The role of microorganisms in rock formation

The way in which microorganisms affect rock-forming processes is one of the most vital geological questions. Bacteria activate crystallization and sedimentation of many minerals,¹ and sediments, formed through weathering, have been reported in structures dating back to the Archean period. In all geological settings, weathering profiles represent reliable evidence of continental regimes, while in Precambrian structures they often provide unique information about continental features that may have led to the formation of life.

The existence of Early Precambrian cratons (old and stable parts of the continental crust) on land has been suggested solely on the basis of elemental and isotopic correlations of carbon, hydrogen, nitrogen, and phosphorous in rock. The presence of microbial material on land as early as 2.7–2.6 billion years ago has thus been affirmed.² Yet, fossilized remains of Precambrian land microorganisms have not yet been discovered.
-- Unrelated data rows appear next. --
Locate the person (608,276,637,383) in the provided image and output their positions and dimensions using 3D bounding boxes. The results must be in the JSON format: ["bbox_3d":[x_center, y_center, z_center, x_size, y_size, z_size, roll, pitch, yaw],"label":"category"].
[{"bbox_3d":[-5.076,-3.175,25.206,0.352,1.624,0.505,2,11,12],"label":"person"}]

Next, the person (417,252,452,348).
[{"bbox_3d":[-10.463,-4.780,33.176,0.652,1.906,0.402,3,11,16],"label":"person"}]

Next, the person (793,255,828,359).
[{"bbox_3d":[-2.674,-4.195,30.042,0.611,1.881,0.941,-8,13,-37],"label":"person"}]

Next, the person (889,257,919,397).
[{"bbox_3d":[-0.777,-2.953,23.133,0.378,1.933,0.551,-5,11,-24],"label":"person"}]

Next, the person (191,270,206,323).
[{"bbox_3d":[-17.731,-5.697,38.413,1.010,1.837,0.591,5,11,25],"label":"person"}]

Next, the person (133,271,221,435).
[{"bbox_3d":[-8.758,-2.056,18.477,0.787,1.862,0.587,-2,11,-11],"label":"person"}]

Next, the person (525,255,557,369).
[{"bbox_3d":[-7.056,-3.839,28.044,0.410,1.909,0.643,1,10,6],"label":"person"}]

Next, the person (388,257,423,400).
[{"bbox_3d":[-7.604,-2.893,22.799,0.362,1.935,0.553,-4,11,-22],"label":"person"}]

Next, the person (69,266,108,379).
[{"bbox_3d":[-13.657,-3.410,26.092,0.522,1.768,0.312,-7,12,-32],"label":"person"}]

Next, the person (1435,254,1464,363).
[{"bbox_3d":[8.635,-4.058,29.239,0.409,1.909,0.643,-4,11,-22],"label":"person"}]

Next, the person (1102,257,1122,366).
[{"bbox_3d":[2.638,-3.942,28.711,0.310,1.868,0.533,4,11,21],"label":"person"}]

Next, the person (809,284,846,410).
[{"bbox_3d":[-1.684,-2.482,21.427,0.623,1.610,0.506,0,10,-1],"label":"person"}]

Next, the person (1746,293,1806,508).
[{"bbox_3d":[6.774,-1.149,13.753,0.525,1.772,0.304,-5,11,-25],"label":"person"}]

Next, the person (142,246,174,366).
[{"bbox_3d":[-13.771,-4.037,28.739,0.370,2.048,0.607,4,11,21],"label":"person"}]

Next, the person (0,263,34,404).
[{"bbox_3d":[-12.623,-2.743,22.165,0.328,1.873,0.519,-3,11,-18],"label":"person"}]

Our study focuses on paleoweathering profiles in the Fenno-Scandinavian shield (Karelian) with an age of 2.4–2.1 billion years. We have found remains of a diverse range of fossil microorganisms,³ including filaments or threads (see Figure 1), coccoidal forms (globules with diameters of up to 5μm: see Figure 2), rather large (diameter >10μm) spherical forms, and fossil biofilms. Rocks often consist almost completely of destroyed cocci, dumbbell-like forms, and shreds of filaments or threads (see Figure 3).
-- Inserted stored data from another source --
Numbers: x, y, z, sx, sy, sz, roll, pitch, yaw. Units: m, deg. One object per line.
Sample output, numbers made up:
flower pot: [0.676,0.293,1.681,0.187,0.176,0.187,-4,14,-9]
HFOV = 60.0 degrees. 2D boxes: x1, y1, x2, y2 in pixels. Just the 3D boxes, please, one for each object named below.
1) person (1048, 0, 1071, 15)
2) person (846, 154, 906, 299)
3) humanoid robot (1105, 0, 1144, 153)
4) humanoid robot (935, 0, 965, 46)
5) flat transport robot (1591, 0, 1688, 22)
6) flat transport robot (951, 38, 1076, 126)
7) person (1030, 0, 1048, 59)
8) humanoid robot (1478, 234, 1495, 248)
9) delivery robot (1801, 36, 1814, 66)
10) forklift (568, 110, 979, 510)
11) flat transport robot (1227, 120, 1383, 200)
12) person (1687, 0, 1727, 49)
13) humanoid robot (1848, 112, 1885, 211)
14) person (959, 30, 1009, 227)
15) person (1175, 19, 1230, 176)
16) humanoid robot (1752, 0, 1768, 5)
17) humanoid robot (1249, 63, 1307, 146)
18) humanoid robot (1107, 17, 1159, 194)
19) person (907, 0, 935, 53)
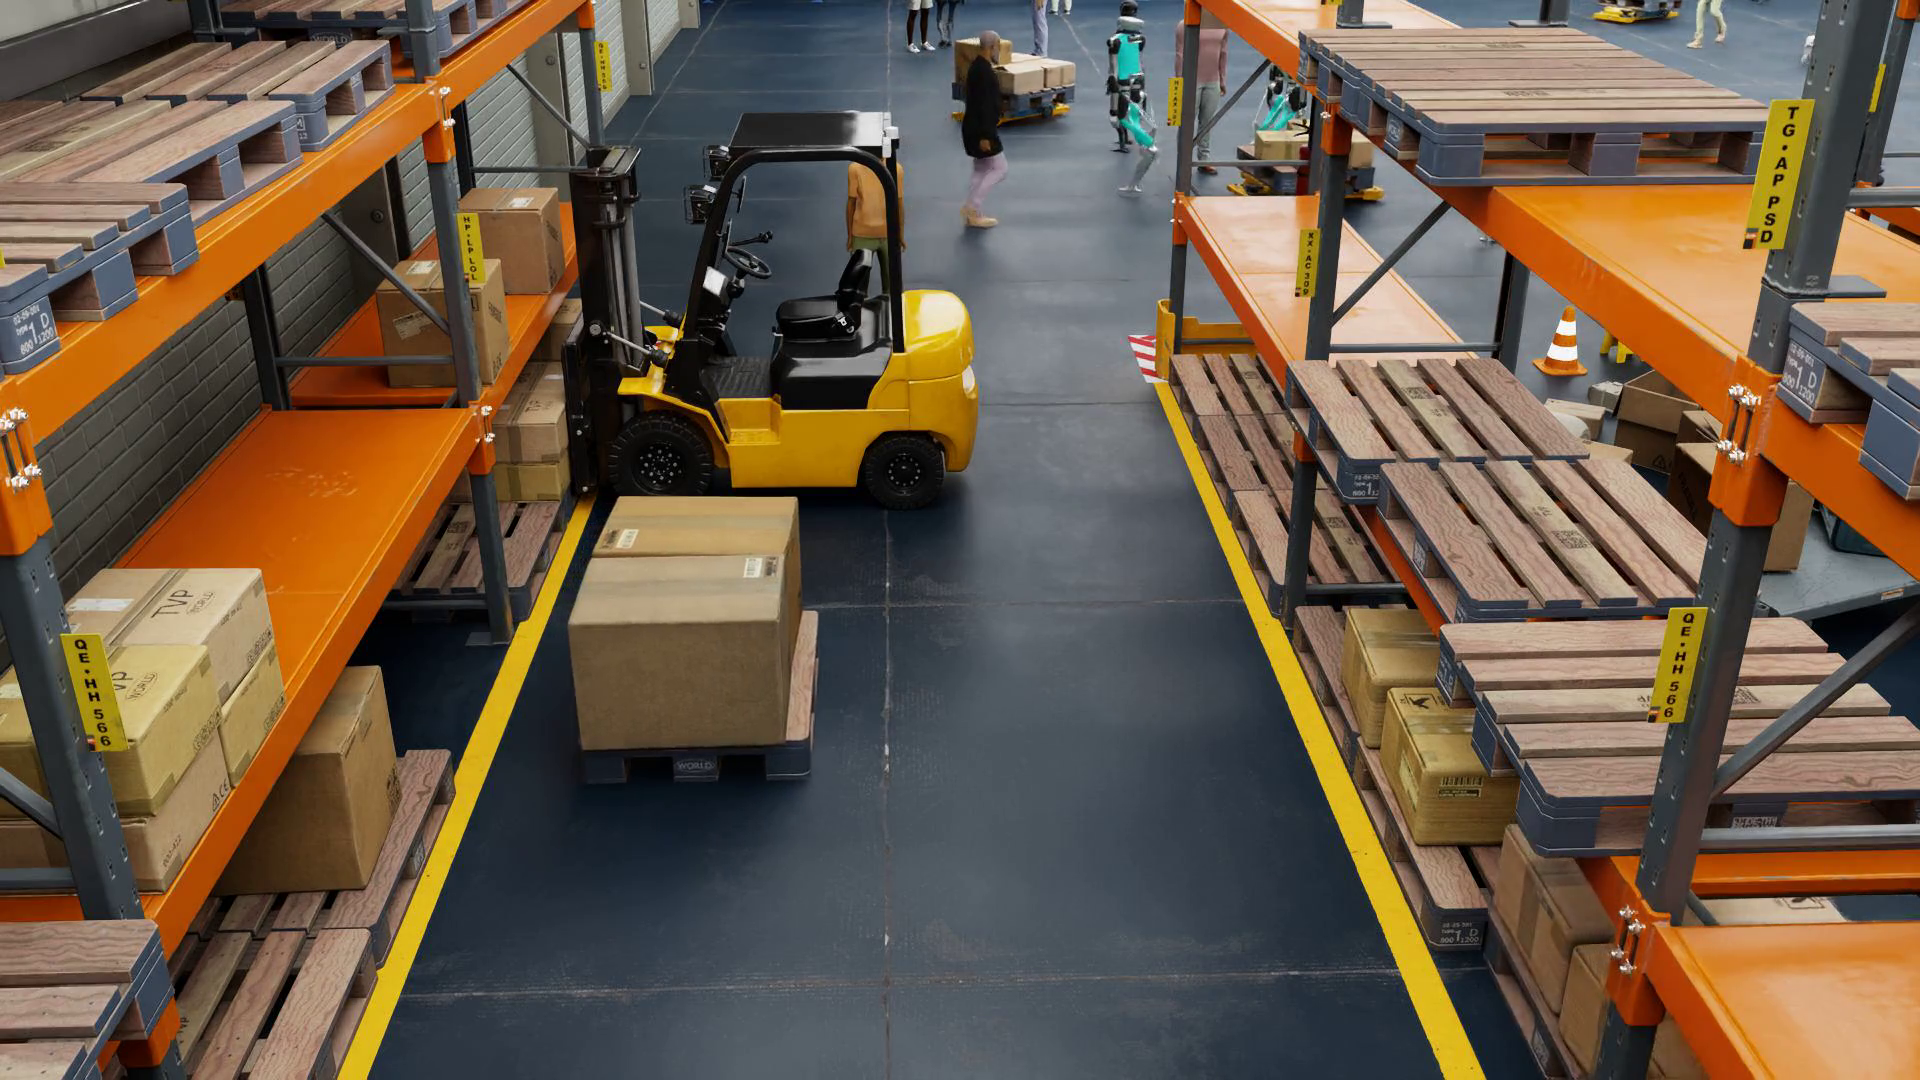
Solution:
person: [1.726,-9.993,28.727,0.572,1.748,0.341,-9,27,-18]
person: [-0.624,-2.247,12.365,0.449,1.718,0.356,-2,25,-5]
humanoid robot: [1.845,-5.196,18.655,0.340,1.654,0.610,15,29,29]
humanoid robot: [-0.199,-8.417,25.510,0.597,1.652,0.378,-8,26,-17]
flat transport robot: [11.554,-9.017,28.400,1.431,0.231,0.659,-16,30,-30]
flat transport robot: [0.632,-5.356,20.646,1.431,0.231,0.659,-22,33,-38]
person: [1.155,-7.916,24.220,0.385,1.845,0.569,-4,26,-8]
humanoid robot: [4.954,-3.480,15.080,0.794,1.864,0.534,4,26,9]
delivery robot: [12.592,-7.139,24.099,0.807,0.606,0.499,-15,29,-29]
forklift: [-1.043,-1.379,9.976,2.313,2.155,1.214,-1,25,-2]
flat transport robot: [3.502,-3.596,16.918,1.431,0.231,0.659,-5,26,-11]
person: [11.534,-8.467,25.361,0.652,1.870,0.545,-17,30,-31]
humanoid robot: [7.598,-2.970,13.954,0.448,1.644,0.613,10,27,20]
person: [0.233,-3.816,15.547,0.435,1.834,0.574,-3,25,-7]
person: [2.553,-4.838,17.595,0.630,1.940,0.373,-10,27,-21]
humanoid robot: [14.541,-10.528,30.008,0.597,1.655,0.709,-8,27,-17]
humanoid robot: [3.235,-4.507,17.104,0.676,1.775,0.539,-16,30,-31]
humanoid robot: [1.817,-4.290,16.725,0.721,1.825,0.561,20,32,37]
person: [-0.615,-8.319,25.028,0.539,1.893,0.376,-21,33,-38]

Figure 1. Filamental microfossils. (left) Rock consisting of filament structures. (right) Single filament resembling a crumpled cyanobacteria Microcoleus envelope.⁴

Figure 2. Coccoidal form with uneven surface. Numerous traces of globules resembling cocci can be seen.

Figure 3. Fragments of rock containing remains of fossil microorganism.

In all cases, the chemical composition of microfossils is identical to that of the rock matrix, including the main rock-forming oxides of silicon, aluminum, iron, potassium, and magnesium. This provides indirect confirmation that the microbiological complex is coeval with the host rock. It is very likely that the microorganisms contained in the rock acted as catalysts. Decay (decomposition) of minerals and their transformation into clay-like material occurred through bacterial participation. The weathered Early Precambrian crusts, for example, were perhaps formed through interactions between the peculiar specific composition of these microorganisms and the conditions prevailing at the time of hypergene (secondary) transformations.

We have shown that a morphological diversity of bacterial life forms existed as early as the Early Precambrian period. Bacterial finds in objects of hypergene origin testify to their exogenous nature. Early Precambrian microorganisms, bacteria, and perhaps cyanobacteria (blue-green bacteria that obtain their energy through photosynthesis) and even eukaryots (organisms whose cells contain complex structures enclosed within membranes) accompanied and promoted the formation of weathering crusts. We, therefore, suggest that colonization of land by microbes happened at this time and that weathering crusts (paleosoles) eventually (and directly) generated real soils.

As our next step, we will study one of the most ancient weathering crusts of the Fenno-Scandinavian shield (2.8 billion years old) and take the first steps towards understanding the role of some lanthanoids and rare-earth metals in the ancient fossilization of microorganisms and ancient weathering-crust formation.

This study was carried out within the framework of the program of basic research of the Presidium of the Russian Academy of Sciences, ‘Origin of Biosphere and Evolution of Geobiological Systems’ (subprogram II). It was supported by the Russian Foundation for Basic Research through projects 08-04-00484 and SS-4207.2008.5.